◆ EXERCISE OBJECTIVE ◆
From the line that includes "25.6h.3v.2h-.3zM104.8 25.6h.2v.2h-.2zM191.8 25.6h.3v.2h-.3zM18" to the last line of the records, inclusive, repeat each line exactly.

(Items from a data source)
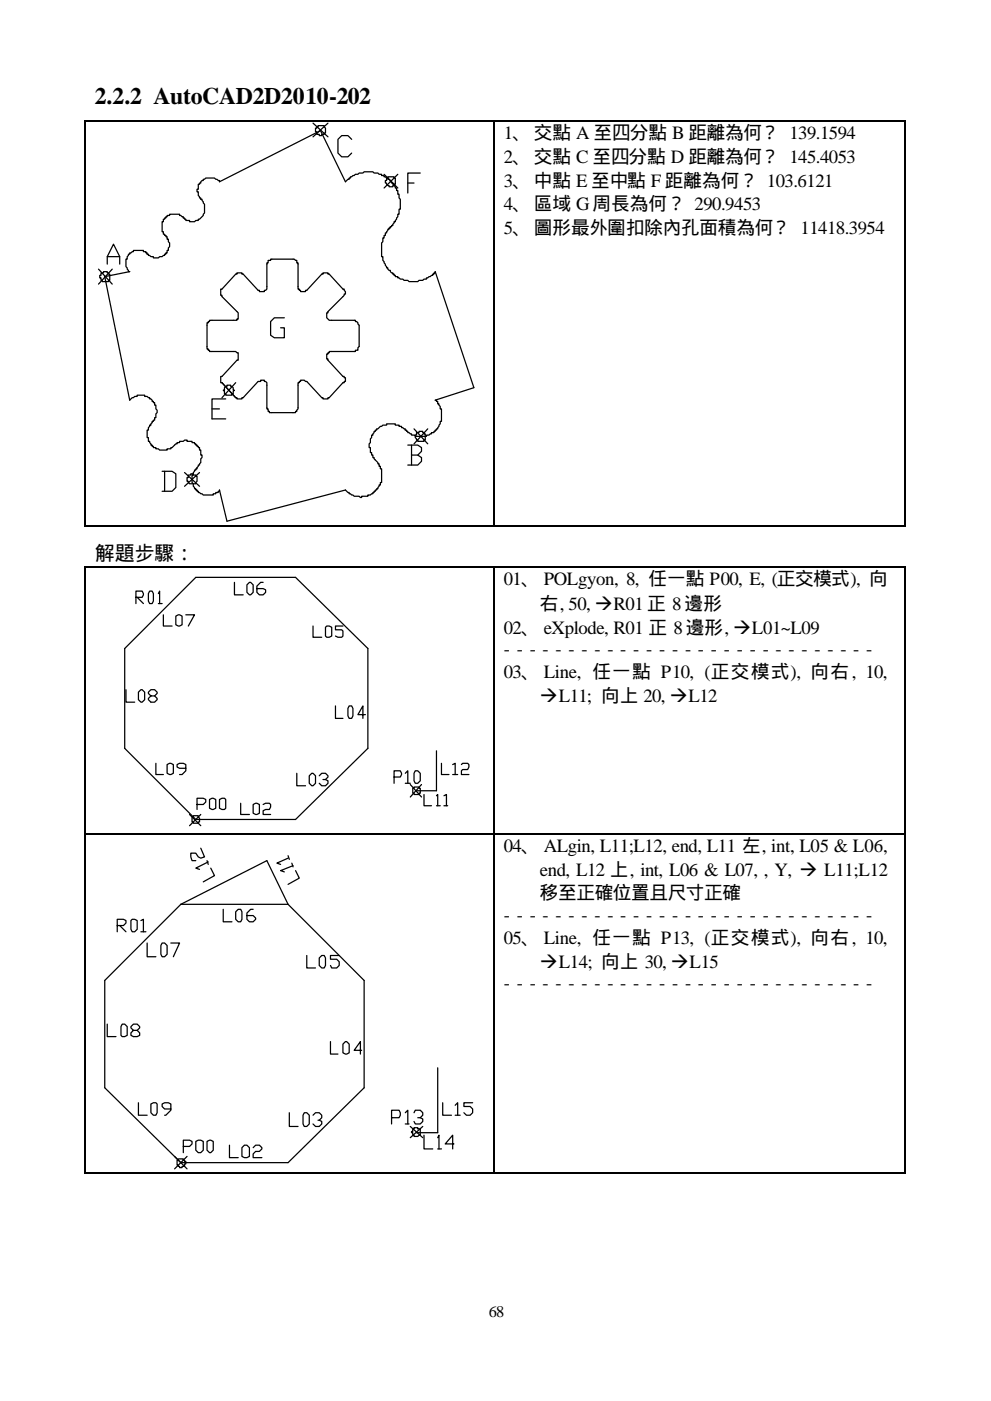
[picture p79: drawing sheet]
<svg xmlns="http://www.w3.org/2000/svg" width="210mm" height="297mm" viewBox="0 0 210 297" stroke-linecap="round" stroke-linejoin="round" font-family="sans-serif">
<defs><g id="words">
<text font-size="5" x="20.1" y="22.1">2.2.2 AutoCAD2D2010-202</text>
<text font-size="4.2" x="20.1" y="118.7">解題步驟：</text>
<g font-size="4">
<text x="106.9" y="29.5">1、交點 A 至四分點 B 距離為何？ 139.1594</text>
<text x="106.9" y="34.6">2、交點 C 至四分點 D 距離為何？ 145.4053</text>
<text x="106.9" y="39.6">3、中點 E 至中點 F 距離為何？ 103.6121</text>
<text x="106.9" y="44.6">4、區域 G周長為何？ 290.9453</text>
<text x="106.9" y="49.7">5、圖形最外圍扣除內孔面積為何？ 11418.3954</text>
<text x="106.9" y="124">01、 POLgyon, 8, 任一點 P00, E, (正交模式), 向</text>
<text x="114.6" y="129.3">右, 50, ‡R01 正 8邊形</text>
<text x="106.9" y="134.3">02、 eXplode, R01 正 8邊形, ‡L01~L09</text>
<text x="106.9" y="138.8">- - - - - - - - - - - - - - - - - - - - - - - - - - - - -</text>
<text x="106.9" y="143.8">03、 Line, 任一點 P10, (正交模式), 向右, 10,</text>
<text x="114.6" y="148.9">‡L11; 向上 20, ‡L12</text>
<text x="106.9" y="180.6">04、 ALgin, L11;L12, end, L11 左, int, L05 &amp; L06,</text>
<text x="114.6" y="185.6">end, L12 上, int, L06 &amp; L07, , Y, ‡ L11;L12</text>
<text x="114.6" y="190.7">移至正確位置且尺寸正確</text>
<text x="106.9" y="195.2">- - - - - - - - - - - - - - - - - - - - - - - - - - - - -</text>
<text x="106.9" y="200.2">05、 Line, 任一點 P13, (正交模式), 向右, 10,</text>
<text x="106.9" y="209.7">- - - - - - - - - - - - - - - - - - - - - - - - - - - - -</text>
<text x="114.6" y="205.2">‡L14; 向上 30, ‡L15</text>
</g>
<text font-size="3.4" x="103.7" y="279.3">68</text>
</g></defs>
<g fill="none" stroke="#000" stroke-width=".26">
<path d="M18.1 25.8v85.5M18.3 25.7h86.5M66.4 26.1l3.2 2.9M66.9 27.2h.3v-.3h.3v-.3h1.3v.3l.3 .3v1h-.3v.3h-.5v.3h-.6v-.3h-.5v-.5h-.3zM69.6 26.1l-3.2 2.9M74.6 29.5l-.8-.7h-1.3l-.8 .7v3l.8 .7h1.3l.8-.7M81.5 37l2.9 2.9M82.3 37.5h1.3v.2h.3v1.4h-.3v.2h-.3v.3h-.8v-.3h-.2l-.3-.2v-.3h-.2v-.5h.2v-.6h.3zM84.4 37l-2.9 2.9M86.5 38.8h1.3M89.2 36.7h-2.7v4.2M104.9 25.8v85.5"/>
<path d="M105 25.7h86.8M192 25.8v85.5M20.9 57.1l2.9 3.1M21.4 57.9h.6v-.3h.8v.3h.2v.2h.3v1.3h-.3v.3h-1.3v-.3h-.3v-.5h-.2v-.5h.2zM22.2 58.6l5.3-1h-.2l-.3-.8-.3-.3v-1.6h.3v-.5l.3-.2v-.3h.2v-.3l.8-.2v-.3h2.1v.3h.6v.2h.2v.3h.3v.3h.2l.3 .2h.5v.3h1.1l.3-.3h.5l.3-.2h.2v-.3h.3v-.3h.3v-.5h.2v-.5l.3-.3v-.8l-.3-.3v-.5h-.2v-.5h-.3v-.3h-.3v-.2h-.2v-.6h-.3v-2.1h.3v-.5h.2v-.3h.3v-.3h.3v-.2h.5v-.3h2.1v.3h.3l.2 .2h.3v.3h.3v.3h.2v.2h.8v.3h1.1l.2-.3h.6v-.2h.2l.8-.8v-.3l.3-.2v-1.9l-.5-.8v-.3h-.3v-.2h-.3v-.3l-.2-.2v-.8h-.3v-.6h.3v-1h.2v-.3h.3v-.3l.3-.2h.2v-.3h.3l.3-.3h1.8l.8 .6h.3v.2l21.4-10.8 5.3 10.8 .5-.5h.3v-.3h.2v-.2h.3l.8-.5h.5l.3-.3h.8l.3-.3h1.8l.3 .3h.8l.2 .3h.6v.2h.5v.3l.8 .2v.3h.2l.3 .3v.2h.3v.3h.2v.3h.3l.3 .8h.2v.5h.3v.8h.3v.8l.2 .2v2.2h-.2v1h-.3v.5l-.5 .8v.3h-.3l-.3 .8h-.2v.3h-.3v.2h-.3v.3h-.2l-.3 .8h-.2v.5h-.3v.5h-.3v.8l-.2 .3v2.9h.2v.8l.3 .3 .5 1.3h.3v.3l.2 .2h.3v.3l.3 .3h.2v.2h.3v.3h.3v.2h.5v.3h.3l.2 .3h.6l.2 .2h.8l.3 .3h1.8l.3-.3h.8l.3-.2h.5v-.3l1.3-.5v-.3h.3v-.2h.2v-.3l8.2 24.6-8.2 2.6h.3v.3h.3v.5h.2v.3l.3 .3v.5h.3v2.6h-.3v.6l-.3 .2-.2 .8h-.3v.3h-.3v.3h-.2v.2h-.6v.3h-.2l-.3 .3h-.5v.2h-2.4v-.2h-.8v-.3l-.8-.3v-.2h-.2v-.3h-.3v-.3l-.8-.2v-.3h-.5v-.3h-.8v-.2h-1.9v.2h-.8l-1 .8h-.3v.3h-.3v.3h-.2v.2l-.3 .3v.3h-.3v.5l-.2 .2v.8l-.3 .3v.8h.3v1.1h.2v.5h.3v.5h.3v.3l.8 .8v.2h.2v.6h.3v.5h.3v2.9h-.3v.5h-.3l-.2 .8h-.3v.3h-.3v.3h-.2v.2h-.3v.3h-.3l-.2 .3h-.5v.2h-1.4v.3h-.2l-.3-.3h-1.1l-.2-.2h-.3l-.3-.3h-.2v-.3h-.3l-.5-.5-25.1 6.6-1.6-6.6v.3h-.3v.2h-.5v.3h-.6v.3h-2.1l-.2-.3-.8-.3v-.2h-.3v-.3h-.3v-.3h-.2v-.2l-.3-.3v-.5l-.3-.3v-1.6h.3v-.5l.3-.3v-.2h.2v-.3h.3l.3-.8h.2v-.3l.3-.2v-.8l.3-.3v-.5h-.3v-1.1h-.3v-.5h-.2v-.3h-.3v-.2h-.3v-.3h-.2v-.3h-.6v-.2h-1v-.3h-.5l-.3 .3h-.8v.2h-.5v.3h-.3l-.8 .8h-.3v.3h-.7v.2h-1.6l-.3-.2h-.5v-.3h-.6v-.3h-.2v-.2h-.3l-.3-.8h-.2v-.8h-.3v-1.6h.3v-.5l.2-.3v-.3h.3l.3-.8h.2v-.2h.3v-.6h.3v-.7l.2-.3v-.5l-.2-.3v-.8h-.3v-.5h-.3v-.3h-.2v-.3l-.3-.2h-.3v-.3h-.2l-.3-.3h-.5v-.2h-1.6v.2h-.5l-.3 .3h-.3l-.5 .5zM22.8 56v-1.6l1.3-2.6 1.3 2.6v1.6M22.8 54.4h2.6M23.8 57.1l-2.9 3.1M50 58.1h.3v-.2h1v.2h.3l3.2 3.5h.2v.2h1.1v-.2h.3l.2-.3v-5.6h.3v-.5h.5v-.3h5l.3 .3h.3v.5h.2v5.6h.3v.3h.3v.2h1v-.2h.3l3.2-3.5h.2v-.2h1.1v.2h.2l3 3.2h.2v.3l.3 .2v.6h-.3v.2l-3.4 3.5v.2h-.3v1.1l.5 .5h5.6v.3h.3l.5 .8v4.5l-.3 .2v.6h-.5v.2h-5.6v.3h-.2v.3h-.3v1h.3v.3l3.2 3.4h.2v.3h.3v.8h-.3v.2h-.2l-3 3.2h-.2v.3h-1.1v-.3h-.2l-3.2-3.4h-.3l-.2-.3h-.8v.3h-.3v.2h-.3v5.6l-.2 .3v.2h-.3v.3h-5.6v-.3h-.2v-.5h-.3v-5.6l-.2-.2h-.3v-.3h-.8v.3h-.5l-3.2 3.4h-.3v.3h-1v-.3h-.3l-2.9-3.2h-.3v-1.3h.3l3.2-3.4h.2v-1.6h-.2l-.3-.3h-5.6v-.2h-.2v-.3h-.3v-5.6h.3v-.2h.2v-.3h5.9v-.3h.2v-1.3l-3.4-3.4v-.3h-.3v-1.3h.3zM60.3 67.4h-2.1l-.8 .8v2.9l.8 .5h2.1v-2.1h-.8M34.4 99.9h2.1l.8 .6v2.9l-.8 .8h-2.1M34.9 99.9v4.3"/>
<path d="M45 86.7h1.6M47.9 81.9h.3v-.2h.7v.2h.3l.3 .3v.5h.2l-.2 .3v.5h-.3v.3h-1.3v-.3h-.3v-.5l-.2-.3h.2v-.5zM47.9 84.6h-2.9v4.2h2.9M50 81.1l-2.9 3.2M86.5 94.4h2.1l.8 .5v.8l-.8 .8M87.3 96.5h1.3l.8 .5v.8l-.8 .8h-2.1M87.3 94.4v4.2M87.8 90.9l3 3.2M88.4 91.7h.5v-.2h.8v.2h.3v.3h.2v1.3h-.2v.3h-1.4v-.3h-.2v-.3l-.3-.2v-.5h.3zM90.8 90.9l-3 3.2M18.3 111.4h86.5M39.2 100.2l3.1 2.9"/>
<path d="M40 100.7h.5v-.2h.5v.2h.5v.3h.3v1l-.3 .3v.3h-1.3l-.2-.3v-.3h-.3v-.8h.3zM42.3 100.2l-3.1 2.9M105 111.4h86.8M18.1 120.3v56.4M18.3 120.2h86.5M26.5 137.5l15-15.1h21.2l15.4 15.1v21.2l-15.4 15h-21.2l-15-15zM28.8 126.6h1.4l.2-.5-.2-.8h-1.4v2.7M29.1 126.6l1.3 1.4M31.7 125.3h.6l.2 .6v1.5l-.2 .6h-.6l-.2-.6v-1.5zM33.6 125.9l.3-.6v2.7M33.6 128h.8M34.7 130.4v2.3h1.8"/>
<path d="M37.3 130.6l.5-.2 .8 .2v1.9l-.5 .2-.8-.2zM39.4 130.4h1.9l-1.3 2.3M49.7 123.5v2.6h1.9M52.4 124l.5-.5h.3l.5 .5v1.6l-.5 .5h-.3l-.5-.5zM55.8 123.5h-.5l-.8 .8v1.3l.5 .5h.8l.6-.5v-.5l-.6-.3h-1.3M66.4 132.7v2.4h1.9M69.1 133l.2-.3h.5l.6 .3v1.8l-.6 .3h-.5l-.2-.3zM72.8 132.7h-1.6v.8h1.3l.3 .3v1l-.3 .3h-.8l-.5-.3M104.9 120.3v56.4M105 120.2h86.8M192 120.3v56.4M26.7 146.2v2.7h1.9"/>
<path d="M29.4 146.8l.5-.6h.3l.5 .6v1.5l-.5 .6h-.3l-.5-.6zM32 147.5l-.5-.5v-.2l.5-.6h.8l.5 .6v.2l-.5 .5h-.8l-.5 .6v.2l.5 .6h.8l.5-.6v-.2l-.5-.6M71.2 149.7v2.6h1.6M74.1 149.7h.5l.3 .5v1.6l-.3 .5h-.5l-.3-.5v-1.6zM77.5 151.5h-1.6l1.1-1.8v2.6M92.6 159.2v8.5h-4.2M18.1 176.9v71.7M18.3 176.8h86.5M33.1 161.8v2.4h1.6M35.5 162.1l.5-.3 .8 .3v1.9l-.6 .2-.7-.2zM39.4 162.9h-1.3l-.5-.3v-.5l.5-.3h.8l.5 .3v1.3l-.8 .8h-.5M40.2 172.7l2.4 2.4"/>
<path d="M41 172.9h1.1v.3l.2 .3v.8h-.2v.2h-1.1v-.2h-.3v-1.1h.3zM41.8 170.6h1.3l.6-.6v-.5l-.6-.3h-1.3v2.4M42.6 179.8l.8 1.9-.8 .2-.5-.2-.6-.8h-1v.8l.2 .8h.8M42.6 172.7l-2.4 2.4M44.4 169.5l.6-.3 .8 .3v1.9l-.6 .2-.8-.2zM46.6 169.5l.5-.3h.5l.3 .3v1.9l-.3 .2h-.5l-.5-.2zM51.1 170.3v2.4h1.8M53.7 170.6l.5-.3 .8 .3v1.8l-.5 .3-.8-.3zM55.8 170.6l.6-.3h.7l.3 .3v.5l-.3 .5h-.7l-.6 .3v.8h1.6M63 164v2.6h1.8M65.6 164.5l.5-.5h.3l.5 .5v1.6l-.5 .5h-.3l-.5-.5zM67.7 164.5l.6-.5h.8l.5 .5v.2l-.5 .6h-.6"/>
<path d="M69.1 165.3l.5 .2v.6l-.5 .5h-.8l-.6-.5M83.6 164.7h1.3l.3-.5-.3-.8h-1.3v2.7M86 164l.5-.6v2.7M86 166.1h1M87 166.3l2.4 2.7M87.6 167.1h.2v-.2h1.1v.2h.3v1.1h-.3v.3h-1.1v-.3h-.2zM88.1 163.4h.5l.6 .6v1.5l-.6 .6h-.5l-.3-.6v-1.5zM89.4 166.3l-2.4 2.7M90 168.5v2.3h1.5M92.6 168.7l.3-.2v2.3M92.6 170.8h.8M93.7 161.8v2.4h1.5"/>
<path d="M94.2 168.7l.5-.2v2.3M94.2 170.8h.8M96 162.1l.6-.3v2.4M96 164.2h1.1M97.9 162.1l.3-.3h1l.3 .3v.5l-.3 .6h-1l-.3 .2v.8h1.6M104.9 176.9v71.7M105 176.8h86.8M192 176.9v71.7M24.9 196.2h1.3l.5-.5v-.5l-.5-.3h-1.3v2.7M25.4 196.2l1.3 1.4M28 194.9h.6l.5 .3v1.8l-.5 .6h-.6l-.2-.6v-1.8zM29.9 195.2l.5-.3v2.7"/>
<path d="M29.9 197.6h1.1M31.2 199.9v2.9h1.9M34.4 199.9h.5l.6 .6v1.8l-.6 .5h-.5l-.3-.5v-1.8zM36.2 199.9h1.9l-1.3 2.9M38.4 191.7l18.2-9.2 4.5 9.2M38.4 191.7l-16.2 16.2v22.7l16.2 15.9h22.7l16.2-15.9v-22.7l-16.2-16.2M38.4 191.7h22.7M43.9 182.5l.3 .8M44.2 182.7l-2.7 1.4 .8 .2M44.7 184.1l.8 1.5-2.4 1.4M47.4 192.8v2.6h1.8M50.5 192.8h.6l.2 .5v1.6l-.2 .5h-.6l-.5-.5v-1.6z"/>
<path d="M53.7 192.8h-.5l-.8 .8v1.3l.5 .5h.8l.5-.5v-.3l-.5-.5h-1.3M61.1 181.9l-2.4 1.1 .8 .3M61.1 181.4l.3 .8M61.9 183l.3 .8M62.2 183.5l-2.7 1.1 .8 .3M62.7 184.6l.8 1.6-2.4 1.3M22.8 217.1v2.7h1.8M25.9 217.1h.6l.5 .6v1.8l-.5 .3h-.6l-.2-.3v-1.8zM28.3 218.5l-.5-.6v-.2l.5-.6h.8l.5 .6v.2l-.5 .6h-.8l-.5 .5v.5l.5 .3h.8l.5-.3v-.5l-.5-.5M65.1 202.6v2.6h1.8M68.3 202.6h.5l.3 .5v1.6l-.3 .5h-.5l-.6-.5v-1.6zM72 202.6h-1.9v.8h1.3l.6 .5v.8l-.6 .5h-1l-.3-.5"/>
<path d="M29.4 233.8v2.6h1.8M32 234.1l.5-.3h.6l.2 .3v1.8l-.2 .5h-.6l-.5-.5zM36.2 235.1h-1.3l-.5-.5v-.5l.5-.3h.8l.5 .3v1.3l-1 1h-.3M61.4 235.9v2.9h1.8M64.6 235.9h.5l.5 .5v1.9l-.5 .5h-.5l-.3-.5v-1.9zM66.4 236.4l.5-.5h.8l.6 .5v.6l-.6 .5h-.2M67.7 237.5l.6 .3v.5l-.6 .5h-.8l-.5-.5M70.1 220.8v2.7h1.6M72.8 221.4l.5-.6h.3l.5 .6v1.8l-.5 .3-.8-.3zM76.7 222.7h-1.6l1.4-1.9v2.7M83.1 237h1.6l.2-.6v-.5l-.2-.5h-1.6v2.9M86 235.9l.5-.5v2.9"/>
<path d="M86 238.3h.8M87 238.8l2.7 2.4M87.6 239.4h.2v-.3h.8v.3h.6v1.3h-.3l-.3 .2h-.8v-.2h-.2v-.5h-.3v-.3h.3zM87.8 235.9l.3-.5h1.1l.5 .5v.5l-.5 .6h-.6M89.2 237l.5 .2v.6l-.5 .5h-1.1l-.3-.5M89.7 238.8l-2.7 2.4M92.9 226.4v13.8h-4.5M93.9 233.8v2.6h1.9M96.6 234.3l.5-.5v2.6M96.6 236.4h1M100.3 233.8h-1.9v.8h1.3l.6 .5v.8l-.6 .5h-.7l-.6-.5M18.3 248.8h86.5"/>
<path d="M37 245.2l2.7 2.6M37.6 246h.2v-.3h1.1v.3h.3v.2h.2v.6h-.2v.5h-.6v.3h-.5v-.3h-.3v-.3h-.2zM38.9 243.1h1.3l.5-.6v-.5l-.5-.3h-1.3v2.7M39.7 245.2l-2.7 2.6M41.5 242l.6-.3h.5l.5 .3v1.9l-.5 .5h-.5l-.6-.5zM43.9 242l.5-.3 .8 .3v1.9l-.5 .5h-.3l-.5-.5zM48.7 242.8v2.6h1.8M51.3 243.3l.6-.5h.5l.5 .5v1.9l-.5 .2h-.5l-.6-.2zM53.7 243.3l.5-.5h.8l.6 .5v.3l-.6 .5h-.8l-.5 .6v.7h1.9M90 240.7v2.9h1.8M92.9 241.2l.2-.5v2.9M92.9 243.6h.8"/>
<path d="M96.3 242.5h-1.8l1.5-1.8v2.9M105 248.8h86.8"/>
</g>
<g fill="#000">
<path d="M18 25.6h.3v.2h-.3zM104.8 25.6h.2v.2h-.2zM191.8 25.6h.3v.2h-.3zM18 111.3h.3v.3h-.3zM104.8 111.3h.2v.3h-.2zM191.8 111.3h.3v.3h-.3zM18 120h.3v.3h-.3zM104.8 120h.2v.3h-.2zM191.8 120h.3v.3h-.3zM18 176.7h.3v.2h-.3zM104.8 176.7h.2v.2h-.2zM191.8 176.7h.3v.2h-.3z"/>
<path d="M18 248.6h.3v.3h-.3zM104.8 248.6h.2v.3h-.2zM191.8 248.6h.3v.3h-.3z"/>
</g>
<use href="#words"/>
</svg>

◆ RESULT OF THE EXERCISE ◆
<path d="M18 25.6h.3v.2h-.3zM104.8 25.6h.2v.2h-.2zM191.8 25.6h.3v.2h-.3zM18 111.3h.3v.3h-.3zM104.8 111.3h.2v.3h-.2zM191.8 111.3h.3v.3h-.3zM18 120h.3v.3h-.3zM104.8 120h.2v.3h-.2zM191.8 120h.3v.3h-.3zM18 176.7h.3v.2h-.3zM104.8 176.7h.2v.2h-.2zM191.8 176.7h.3v.2h-.3z"/>
<path d="M18 248.6h.3v.3h-.3zM104.8 248.6h.2v.3h-.2zM191.8 248.6h.3v.3h-.3z"/>
</g>
<use href="#words"/>
</svg>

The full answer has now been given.